■ Your goal
Write the data below out again, exactly as each line reads.

■ ■ ■ ■ ■

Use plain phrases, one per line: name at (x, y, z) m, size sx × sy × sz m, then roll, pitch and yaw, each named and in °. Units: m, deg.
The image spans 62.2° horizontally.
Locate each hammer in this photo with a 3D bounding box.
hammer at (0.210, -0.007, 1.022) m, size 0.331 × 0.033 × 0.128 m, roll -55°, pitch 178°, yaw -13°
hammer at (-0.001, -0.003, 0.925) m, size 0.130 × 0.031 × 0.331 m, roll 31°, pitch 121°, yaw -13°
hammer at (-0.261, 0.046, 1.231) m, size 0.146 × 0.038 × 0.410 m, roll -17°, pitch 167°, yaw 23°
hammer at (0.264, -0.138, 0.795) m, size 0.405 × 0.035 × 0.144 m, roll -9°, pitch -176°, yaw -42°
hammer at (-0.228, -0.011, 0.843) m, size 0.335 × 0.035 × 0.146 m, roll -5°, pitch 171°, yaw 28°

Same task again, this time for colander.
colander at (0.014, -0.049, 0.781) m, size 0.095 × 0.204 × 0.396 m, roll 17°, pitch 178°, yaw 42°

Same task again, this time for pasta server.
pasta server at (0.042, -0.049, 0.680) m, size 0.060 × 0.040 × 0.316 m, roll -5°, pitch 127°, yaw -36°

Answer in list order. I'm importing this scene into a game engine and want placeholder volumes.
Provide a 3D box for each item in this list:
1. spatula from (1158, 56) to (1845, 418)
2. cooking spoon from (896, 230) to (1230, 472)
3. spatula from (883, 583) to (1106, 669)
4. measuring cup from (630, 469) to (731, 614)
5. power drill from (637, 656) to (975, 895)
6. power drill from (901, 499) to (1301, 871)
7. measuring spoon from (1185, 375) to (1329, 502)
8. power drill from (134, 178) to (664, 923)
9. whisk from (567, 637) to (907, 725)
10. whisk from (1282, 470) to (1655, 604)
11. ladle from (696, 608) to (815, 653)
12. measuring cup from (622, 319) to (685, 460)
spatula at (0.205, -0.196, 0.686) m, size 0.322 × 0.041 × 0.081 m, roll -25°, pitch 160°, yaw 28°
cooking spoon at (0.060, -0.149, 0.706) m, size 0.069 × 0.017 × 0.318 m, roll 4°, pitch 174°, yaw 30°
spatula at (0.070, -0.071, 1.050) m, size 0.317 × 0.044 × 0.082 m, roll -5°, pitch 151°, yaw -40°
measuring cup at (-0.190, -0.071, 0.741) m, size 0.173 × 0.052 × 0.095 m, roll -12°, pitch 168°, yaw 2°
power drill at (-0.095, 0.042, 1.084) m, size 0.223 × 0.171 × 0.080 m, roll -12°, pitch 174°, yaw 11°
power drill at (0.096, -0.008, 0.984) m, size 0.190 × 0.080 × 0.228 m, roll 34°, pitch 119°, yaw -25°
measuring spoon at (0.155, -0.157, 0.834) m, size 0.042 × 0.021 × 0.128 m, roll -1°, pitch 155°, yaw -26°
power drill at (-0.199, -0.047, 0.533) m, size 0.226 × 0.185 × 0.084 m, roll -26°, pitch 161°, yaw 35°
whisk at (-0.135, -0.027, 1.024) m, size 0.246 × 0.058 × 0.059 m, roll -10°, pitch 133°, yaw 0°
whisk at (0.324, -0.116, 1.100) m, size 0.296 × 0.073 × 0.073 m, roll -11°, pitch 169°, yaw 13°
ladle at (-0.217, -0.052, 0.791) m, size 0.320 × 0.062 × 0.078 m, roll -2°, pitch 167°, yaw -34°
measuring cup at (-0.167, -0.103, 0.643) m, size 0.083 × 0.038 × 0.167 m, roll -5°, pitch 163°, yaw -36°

■ ■ ■ ■ ■

■ Response box
Use plain phrases, one per line: name at (x, y, z) m, size sx × sy × sz m, then roll, pitch and yaw, each named and in °. Units: m, deg.
The image spans 62.2° horizontally.
Locate each hammer in this photo with a 3D bounding box.
hammer at (0.210, -0.007, 1.022) m, size 0.331 × 0.033 × 0.128 m, roll -55°, pitch 178°, yaw -13°
hammer at (-0.001, -0.003, 0.925) m, size 0.130 × 0.031 × 0.331 m, roll 31°, pitch 121°, yaw -13°
hammer at (-0.261, 0.046, 1.231) m, size 0.146 × 0.038 × 0.410 m, roll -17°, pitch 167°, yaw 23°
hammer at (0.264, -0.138, 0.795) m, size 0.405 × 0.035 × 0.144 m, roll -9°, pitch -176°, yaw -42°
hammer at (-0.228, -0.011, 0.843) m, size 0.335 × 0.035 × 0.146 m, roll -5°, pitch 171°, yaw 28°

Same task again, this time for colander.
colander at (0.014, -0.049, 0.781) m, size 0.095 × 0.204 × 0.396 m, roll 17°, pitch 178°, yaw 42°

Same task again, this time for pasta server.
pasta server at (0.042, -0.049, 0.680) m, size 0.060 × 0.040 × 0.316 m, roll -5°, pitch 127°, yaw -36°

Answer in list order. I'm importing this scene into a game engine and want placeholder volumes.
Provide a 3D box for each item in this list:
1. spatula from (1158, 56) to (1845, 418)
2. cooking spoon from (896, 230) to (1230, 472)
3. spatula from (883, 583) to (1106, 669)
4. measuring cup from (630, 469) to (731, 614)
5. power drill from (637, 656) to (975, 895)
6. power drill from (901, 499) to (1301, 871)
7. measuring spoon from (1185, 375) to (1329, 502)
8. power drill from (134, 178) to (664, 923)
9. whisk from (567, 637) to (907, 725)
10. whisk from (1282, 470) to (1655, 604)
11. ladle from (696, 608) to (815, 653)
12. measuring cup from (622, 319) to (685, 460)
spatula at (0.205, -0.196, 0.686) m, size 0.322 × 0.041 × 0.081 m, roll -25°, pitch 160°, yaw 28°
cooking spoon at (0.060, -0.149, 0.706) m, size 0.069 × 0.017 × 0.318 m, roll 4°, pitch 174°, yaw 30°
spatula at (0.070, -0.071, 1.050) m, size 0.317 × 0.044 × 0.082 m, roll -5°, pitch 151°, yaw -40°
measuring cup at (-0.190, -0.071, 0.741) m, size 0.173 × 0.052 × 0.095 m, roll -12°, pitch 168°, yaw 2°
power drill at (-0.095, 0.042, 1.084) m, size 0.223 × 0.171 × 0.080 m, roll -12°, pitch 174°, yaw 11°
power drill at (0.096, -0.008, 0.984) m, size 0.190 × 0.080 × 0.228 m, roll 34°, pitch 119°, yaw -25°
measuring spoon at (0.155, -0.157, 0.834) m, size 0.042 × 0.021 × 0.128 m, roll -1°, pitch 155°, yaw -26°
power drill at (-0.199, -0.047, 0.533) m, size 0.226 × 0.185 × 0.084 m, roll -26°, pitch 161°, yaw 35°
whisk at (-0.135, -0.027, 1.024) m, size 0.246 × 0.058 × 0.059 m, roll -10°, pitch 133°, yaw 0°
whisk at (0.324, -0.116, 1.100) m, size 0.296 × 0.073 × 0.073 m, roll -11°, pitch 169°, yaw 13°
ladle at (-0.217, -0.052, 0.791) m, size 0.320 × 0.062 × 0.078 m, roll -2°, pitch 167°, yaw -34°
measuring cup at (-0.167, -0.103, 0.643) m, size 0.083 × 0.038 × 0.167 m, roll -5°, pitch 163°, yaw -36°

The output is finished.